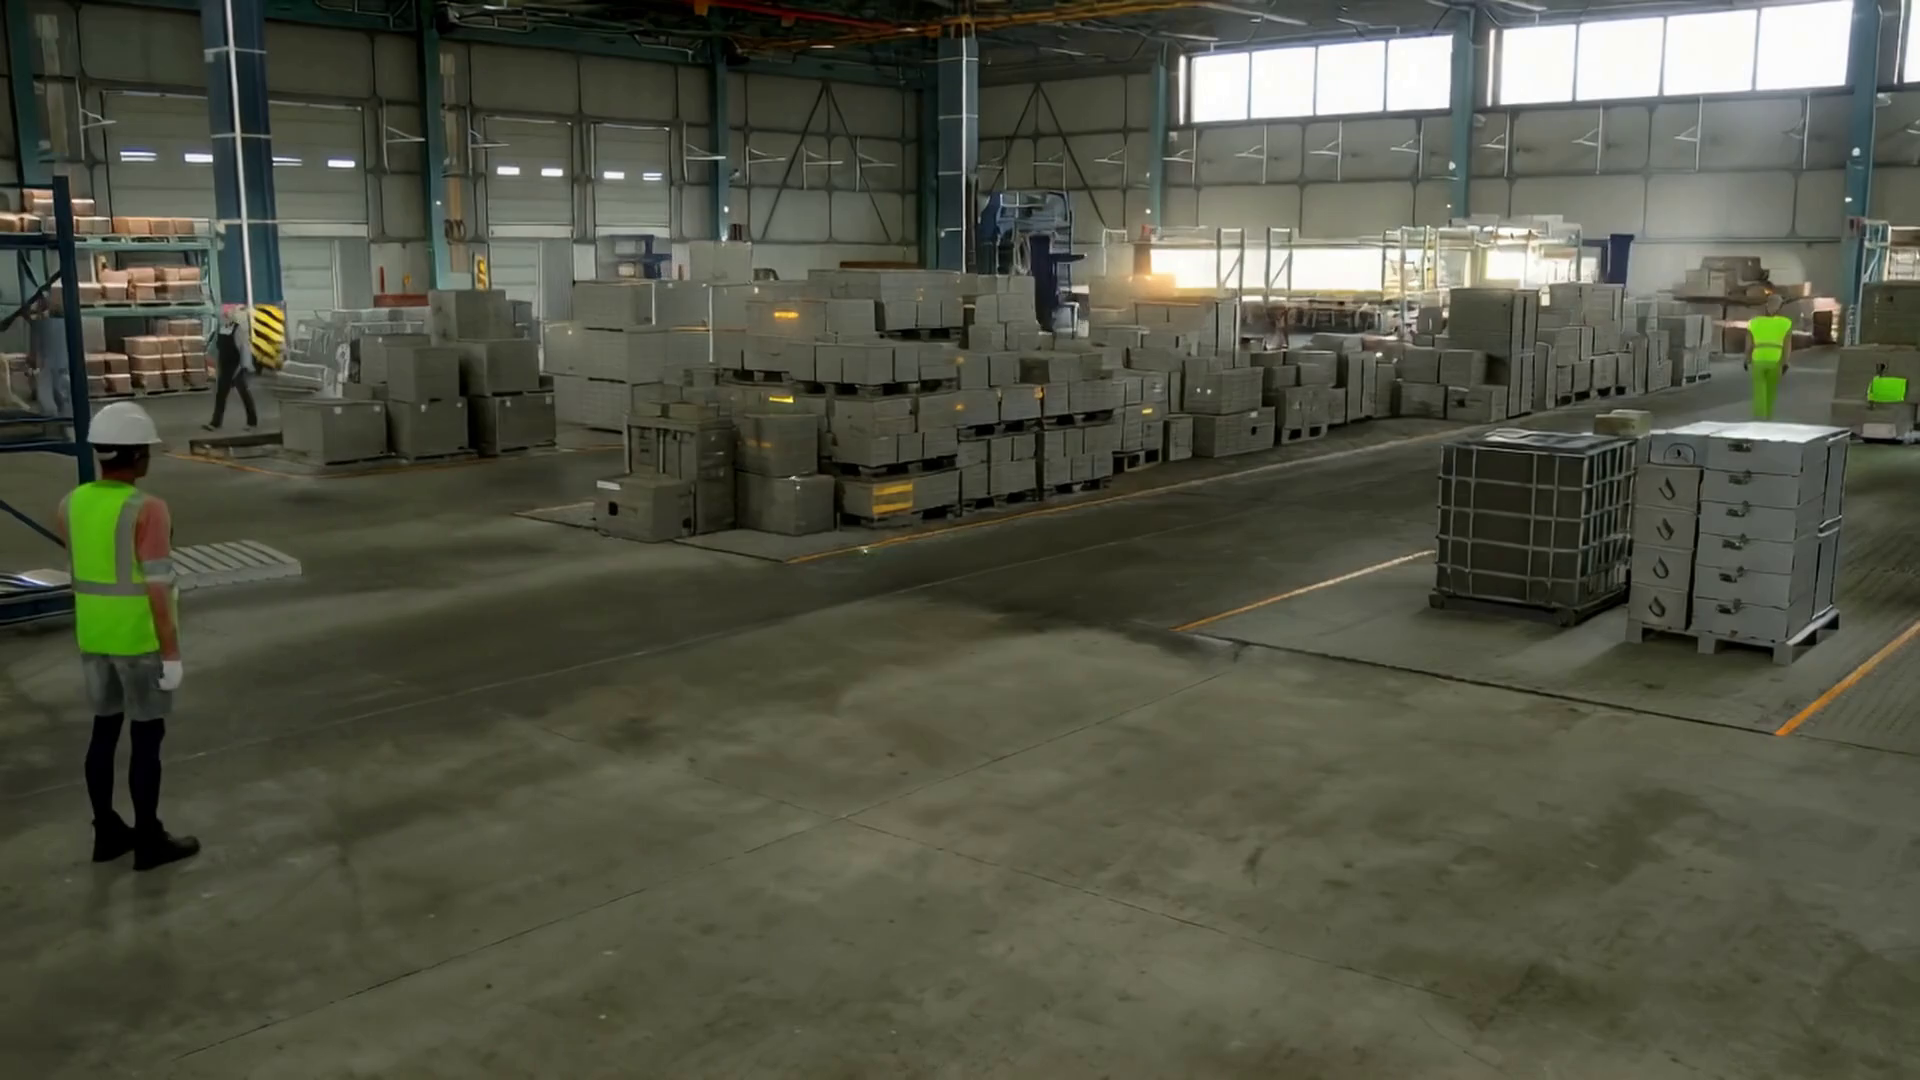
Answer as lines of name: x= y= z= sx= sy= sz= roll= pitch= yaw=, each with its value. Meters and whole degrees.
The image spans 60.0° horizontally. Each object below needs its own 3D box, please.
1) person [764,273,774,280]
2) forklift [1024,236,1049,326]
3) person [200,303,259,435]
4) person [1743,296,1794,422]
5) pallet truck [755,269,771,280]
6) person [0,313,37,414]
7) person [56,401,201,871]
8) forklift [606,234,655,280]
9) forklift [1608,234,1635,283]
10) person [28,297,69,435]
person: x=-5.264 y=-6.587 z=46.761 sx=1.000 sy=1.894 sz=0.558 roll=-8 pitch=13 yaw=-38
forklift: x=1.828 y=-5.663 z=38.637 sx=1.873 sy=2.768 sz=1.129 roll=2 pitch=10 yaw=12
person: x=-10.019 y=-2.337 z=22.772 sx=0.506 sy=1.790 sz=0.962 roll=2 pitch=10 yaw=14
person: x=11.534 y=-2.546 z=23.758 sx=0.606 sy=1.880 sz=0.962 roll=4 pitch=11 yaw=23
pallet truck: x=-4.996 y=-6.432 z=45.525 sx=1.885 sy=1.965 sz=0.823 roll=-6 pitch=12 yaw=-32
person: x=-13.368 y=-2.363 z=23.194 sx=0.799 sy=1.701 sz=0.494 roll=-6 pitch=11 yaw=-29
person: x=-3.417 y=0.396 z=6.870 sx=0.540 sy=1.930 sz=0.398 roll=4 pitch=11 yaw=20
forklift: x=-6.766 y=-4.909 z=34.344 sx=1.129 sy=2.768 sz=1.873 roll=-5 pitch=11 yaw=-25
forklift: x=13.415 y=-4.841 z=33.953 sx=1.873 sy=2.768 sz=1.129 roll=4 pitch=11 yaw=24
person: x=-12.301 y=-2.338 z=22.526 sx=0.440 sy=1.892 sz=0.667 roll=3 pitch=10 yaw=17

Exercise details —
A faithful copy of the data above is wanted, with every image left out.

Written solution —
Answer as lines of name: x= y= z= sx= sy= sz= roll= pitch= yaw=, each with its value. Meters and whole degrees.
The image spans 60.0° horizontally. Each object below needs its own 3D box, please.
1) person [764,273,774,280]
2) forklift [1024,236,1049,326]
3) person [200,303,259,435]
4) person [1743,296,1794,422]
5) pallet truck [755,269,771,280]
6) person [0,313,37,414]
7) person [56,401,201,871]
8) forklift [606,234,655,280]
9) forklift [1608,234,1635,283]
10) person [28,297,69,435]
person: x=-5.264 y=-6.587 z=46.761 sx=1.000 sy=1.894 sz=0.558 roll=-8 pitch=13 yaw=-38
forklift: x=1.828 y=-5.663 z=38.637 sx=1.873 sy=2.768 sz=1.129 roll=2 pitch=10 yaw=12
person: x=-10.019 y=-2.337 z=22.772 sx=0.506 sy=1.790 sz=0.962 roll=2 pitch=10 yaw=14
person: x=11.534 y=-2.546 z=23.758 sx=0.606 sy=1.880 sz=0.962 roll=4 pitch=11 yaw=23
pallet truck: x=-4.996 y=-6.432 z=45.525 sx=1.885 sy=1.965 sz=0.823 roll=-6 pitch=12 yaw=-32
person: x=-13.368 y=-2.363 z=23.194 sx=0.799 sy=1.701 sz=0.494 roll=-6 pitch=11 yaw=-29
person: x=-3.417 y=0.396 z=6.870 sx=0.540 sy=1.930 sz=0.398 roll=4 pitch=11 yaw=20
forklift: x=-6.766 y=-4.909 z=34.344 sx=1.129 sy=2.768 sz=1.873 roll=-5 pitch=11 yaw=-25
forklift: x=13.415 y=-4.841 z=33.953 sx=1.873 sy=2.768 sz=1.129 roll=4 pitch=11 yaw=24
person: x=-12.301 y=-2.338 z=22.526 sx=0.440 sy=1.892 sz=0.667 roll=3 pitch=10 yaw=17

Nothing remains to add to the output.